Automated special visual effects video compositing engine

MovieRide FX is a patented automated special visual effects video compositing engine used in the MovieRide FX mobile application for Android (requires Android 2.3 or later) and iOS (compatible with iPhone 4 and up, iPad, and iPod Touch (new generation), requires iOS 7 or later).
MovieRide FX allows the user to personalize a "Hollywood-style" movie clip by inserting themself into the clip as the "actor".

==Features==
The MovieRide FX app uses the relevant mobile device's camera to record a video of the user and insert it into a pre-packaged "Hollywood style" movie clip. The "actor" is extracted from their recorded video clip through various known effects such as masking, keying, and motion tracking.
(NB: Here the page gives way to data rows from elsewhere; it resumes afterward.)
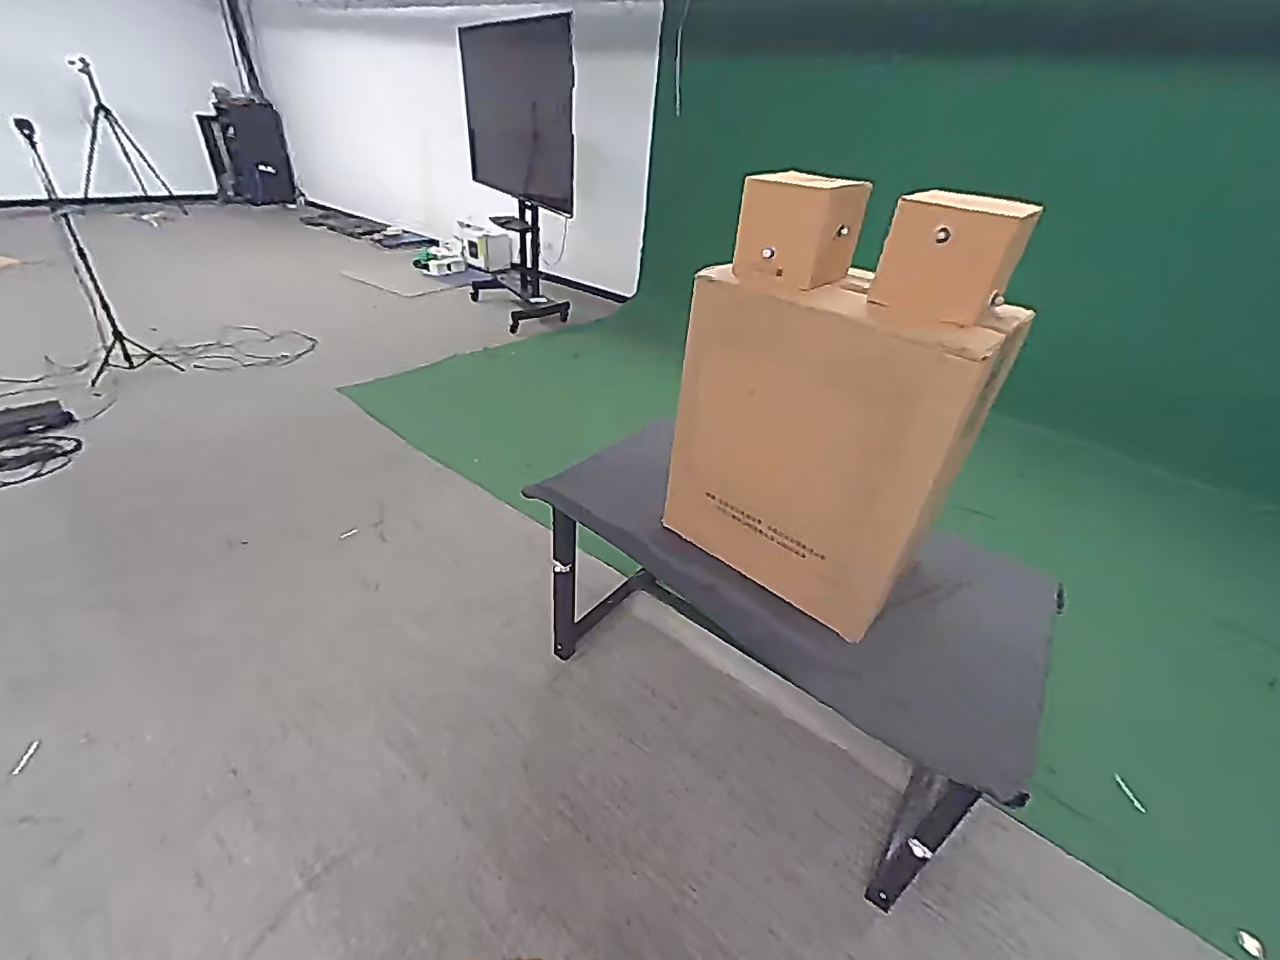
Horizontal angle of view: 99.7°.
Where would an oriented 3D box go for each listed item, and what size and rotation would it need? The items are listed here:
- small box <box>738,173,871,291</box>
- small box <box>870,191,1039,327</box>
[{"bbox_3d":[0.304,-0.474,1.028,0.168,0.176,0.179,29,43,32],"label":"small box"},{"bbox_3d":[0.519,-0.373,0.909,0.179,0.176,0.168,31,44,29],"label":"small box"}]
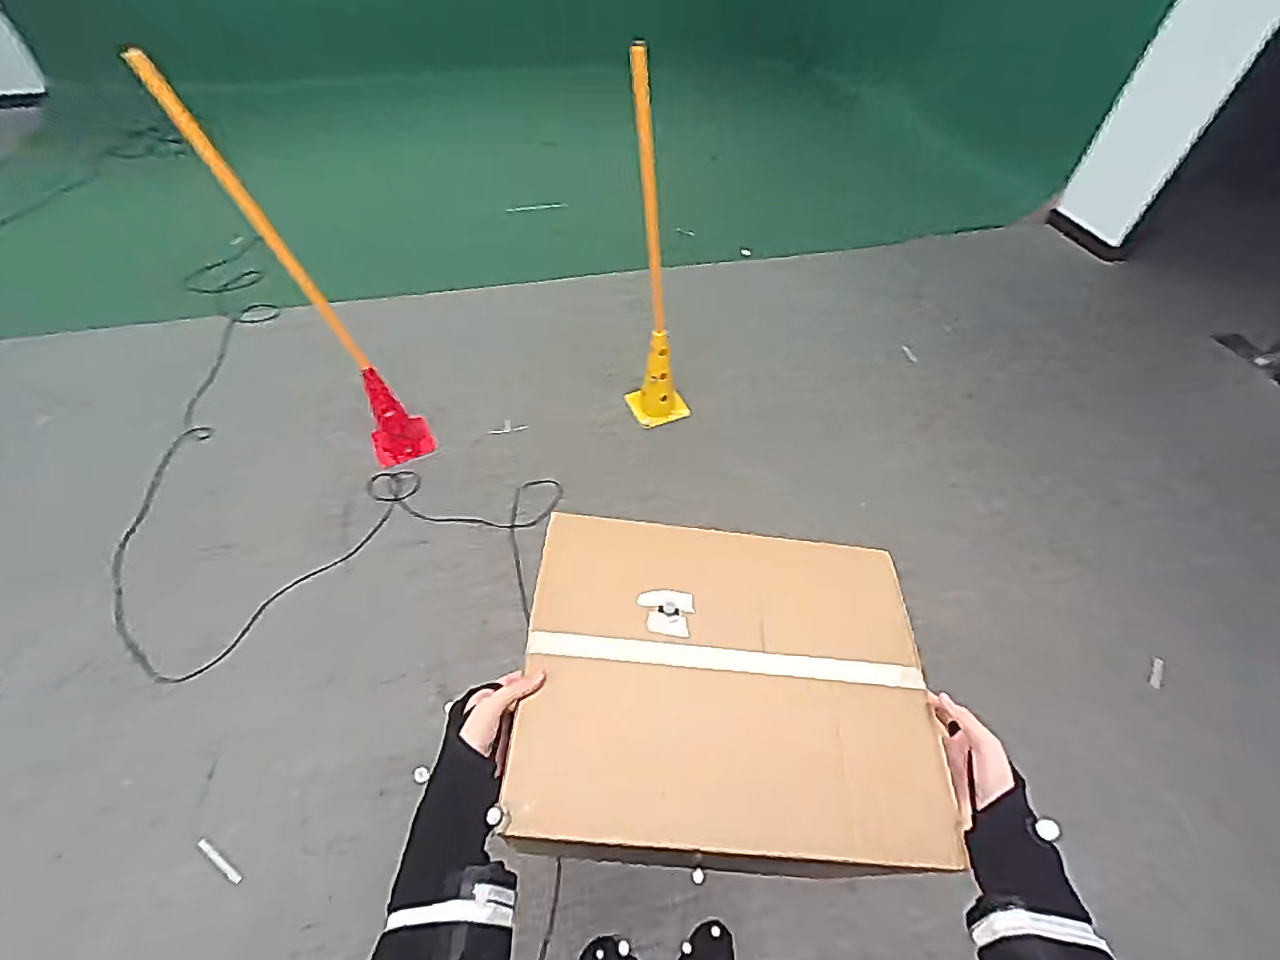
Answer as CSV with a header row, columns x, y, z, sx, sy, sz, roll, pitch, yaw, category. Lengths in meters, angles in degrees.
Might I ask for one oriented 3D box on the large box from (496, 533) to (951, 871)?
x,y,z,sx,sy,sz,roll,pitch,yaw,category
0.068,0.287,0.666,0.408,0.320,0.320,5,51,-3,large box
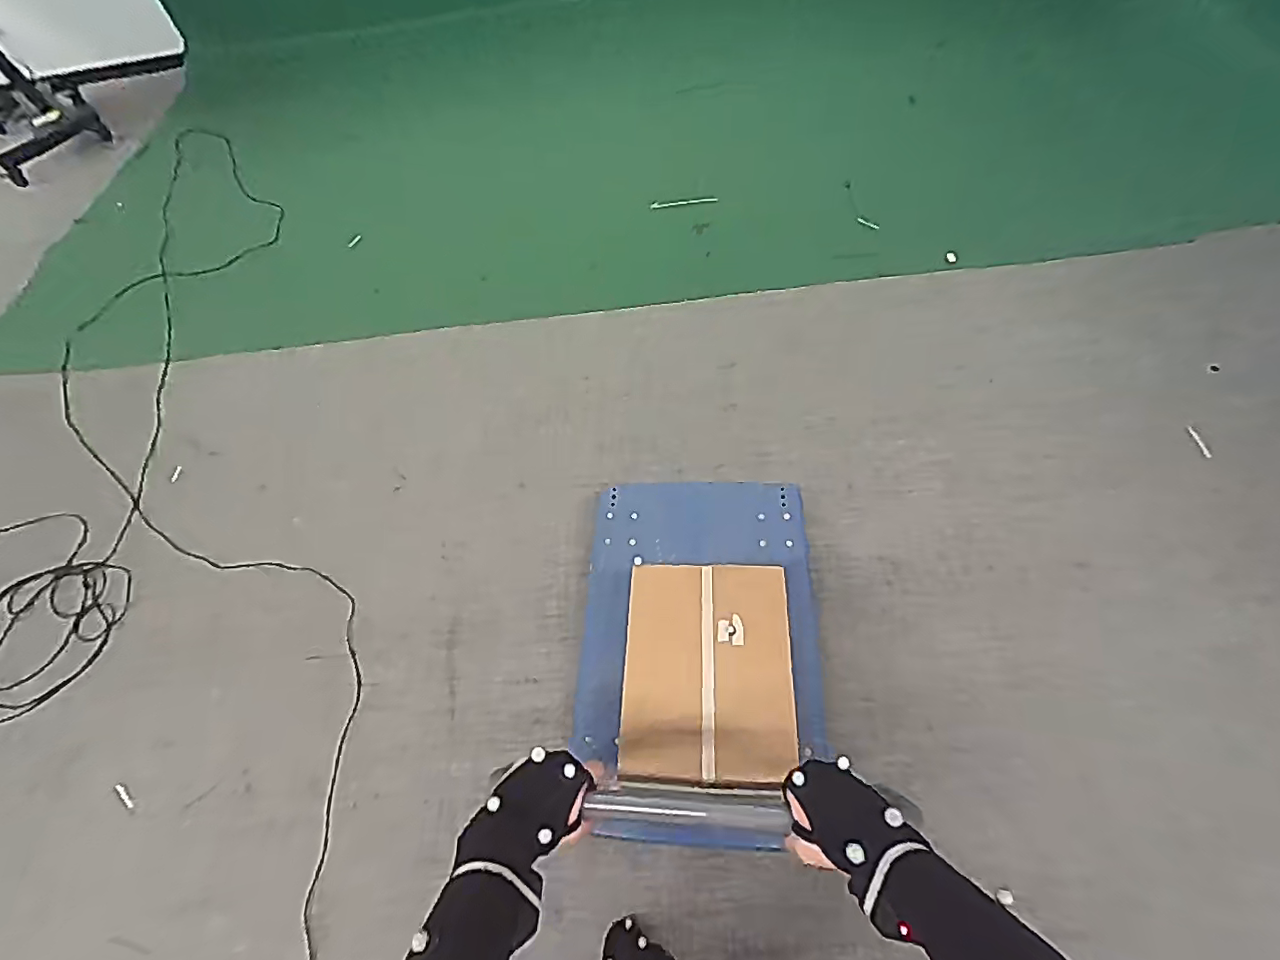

The "actor" is then inserted into one of the pre-packaged movie clips created by the MovieRide FX visual effects artists. This is done through an automated process requiring little or no artistic or technical skill from the user.
The custom movie clips pre-packaged with MovieRide FX offer the user a variety of movie scenarios. Additional clips based on popular television and movie themes are continually being developed and are available on a freemium basis.

==Sharing==
Once the user's footage has automatically been composited into a movie clip and rendered as an .mp4 file, it can be shared via social media, such as Facebook, YouTube, and Twitter, and by e-mail.

==History==
===2012===
- MovieRide FX was created by Grant Waterston and Johann Mynhardt, who started development in 2012.

===2013===
- The beta version was released on Google Play in July 2013.
- In August 2013 MovieRide FX was a New Media Award winner in the "New Media" category of the Accolade International Awards in Los Angeles.
- In October 2013 MovieRide FX was awarded exhibitor space in the ‘start-up village’ at the Apps-World Expo in London.

===2014===
- MovieRide FX reached the 100 000 – 500 000 downloads category on the Google Play Store in June 2014.
- The official Android version was launched in July 2014.
- iOS version released in August 2014.
- MovieRide FX was selected as one of the "Top 150" startups at the Pioneer Festival in Vienna in September 2014.
- In November 2014 MovieRide FX was shortlisted for the Appster Awards in the "Best Entertainment App" and "Most Innovative App" categories and was awarded exhibitor space at the ‘start-up village’ at the Apps-World Expo in London.
- Patent applications were filed in South Africa, the EU and USA in April 2014.

===2015===
- In September 2015 MovieRide FX was shortlisted for "Best Software innovation" at The Technology Expo Awards in London.

===2016===
- In April 2016 MovieRide FX was nominated for a National Science and Technology Forum (NSTF) award for 'Research leading to Innovation by a corporate organization'
- In August 2016 Movie Ride FX won two Gold Awards at the 2016 Mobile Marketing Awards (MMA Smarties SA). These two Gold awards were for the 'Innovation' and 'Best in Show’ categories.
- In December 2016 FlicJam Inc. was formed in the US to access the larger global market.
- EU patent application was published in March 2016.

===2017===
- South African patent was granted in February 2017.

===2018===
- US patent was granted in March 2018.